Created attachment 1554182 [details] lv_LV.UTF-8.in_sorted
Created attachment 1554183 [details] lv_LV.UTF-8_with_more_chars_and_removed.in
I sorted like i understand. Leave Uppercase after lowercase. lv_LV.UTF-8.in attachment with only chars which was there. lv_LV.UTF-8_with_more_chars_and_removed.in Removed chars witch i do non't know and add some missing for better understand. If till now regexp dose not include some of this chars ā č ē ģ ī ķ ļ ņ š ū ž for equivalence then i think no one in our language use regexp to found them.
For example European ordering rules https://en.wikipedia.org/wiki/European_ordering_rules At primary level they ignore all accent letters in all languages. Accents are ordered just in Secondary level.. Before i created multiple tickets, many software (witch use ICU) are NOT ordering ā ē ū ī at Secondary level for example icu online demo.
This message is a reminder that Fedora 29 is nearing its end of life.

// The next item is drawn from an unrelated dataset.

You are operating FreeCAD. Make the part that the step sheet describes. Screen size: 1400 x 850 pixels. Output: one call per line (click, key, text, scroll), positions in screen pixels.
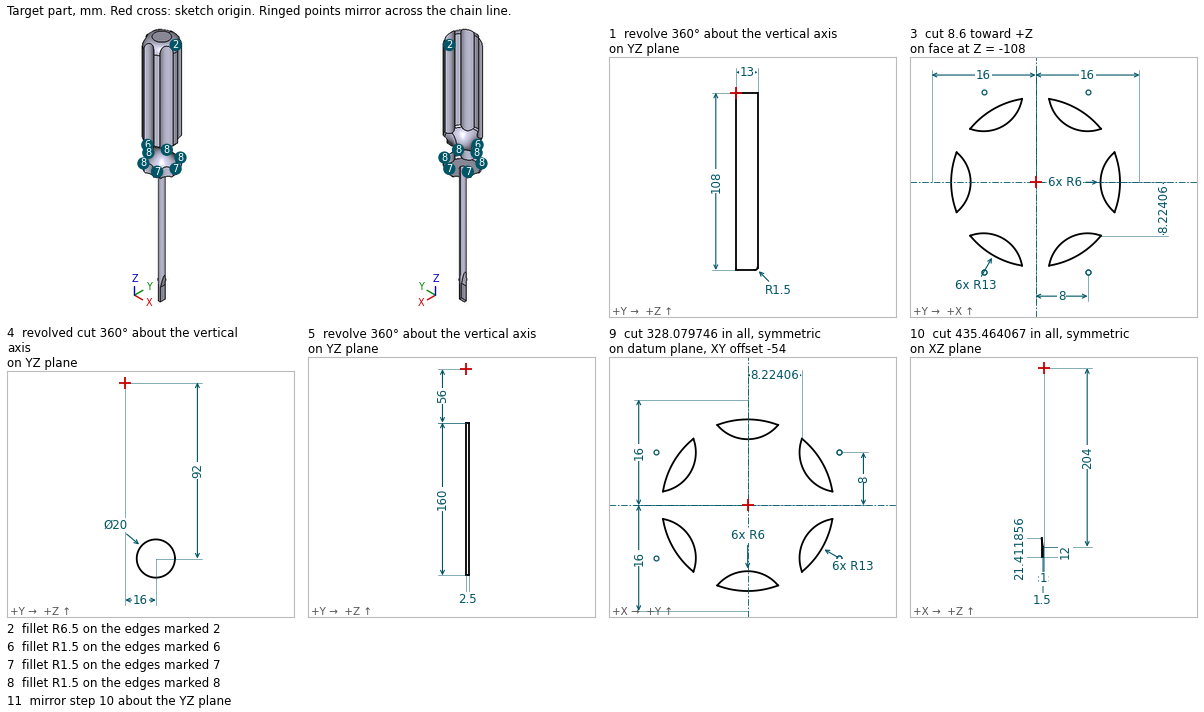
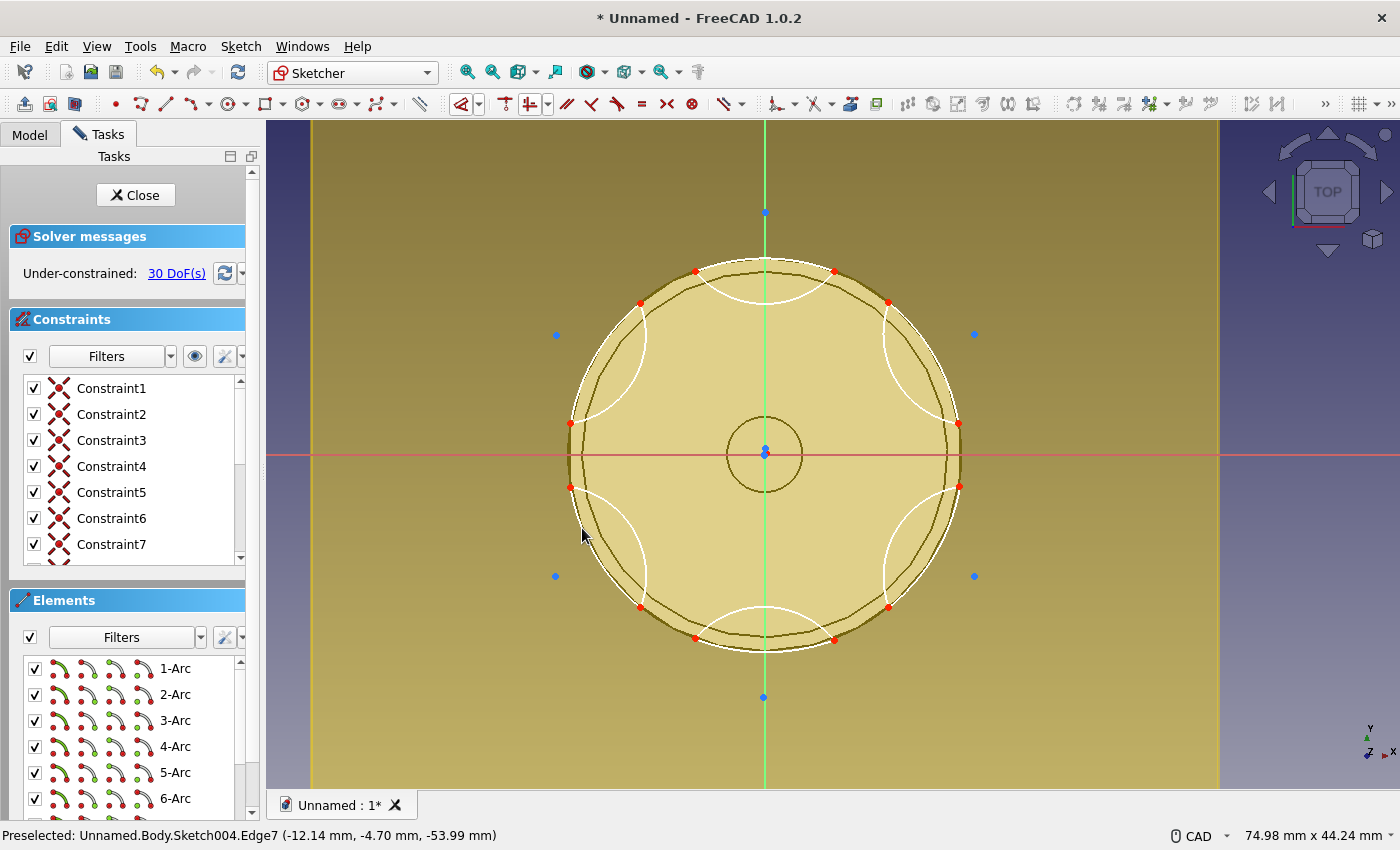
click(947, 383)

Fedora will stop maintaining and issuing updates for Fedora 29 on 2019-11-26. It is Fedora's policy to close all bug reports from releases that are no longer maintained. At that time this bug will be closed as EOL if it remains open with a Fedora 'version' of '29'. Package Maintainer: If you wish for this bug to remain open because you plan to fix it in a currently maintained version, simply change the 'version' to a later Fedora version. Thank you for reporting this issue and we are sorry that we were not able to fix it before Fedora 29 is end of life. If you would still like to see this bug fixed and are able to reproduce it against a later version of Fedora, you are encouraged change the 'version' to a later Fedora version prior this bug is closed as described in the policy above. Although we aim to fix as many bugs as possible during every release's lifetime, sometimes those efforts are overtaken by events. Often a more recent Fedora release includes newer upstream software that fixes bugs or makes them obsolete.
Agris, Could you please file this bug upstream with glibc under the localedata component? https://sourceware.org/bugzilla/ Once we have an upstream bug I can engage the community for a broader discussion about fixing this. Thank you!
Agris, I have filed a bug for you here: https://sourceware.org/bugzilla/show_bug.cgi?id=25206 With the relevant details and your sorted files. I'll see what I can do to help upstream.
This is now being tracked upstream. Thanks.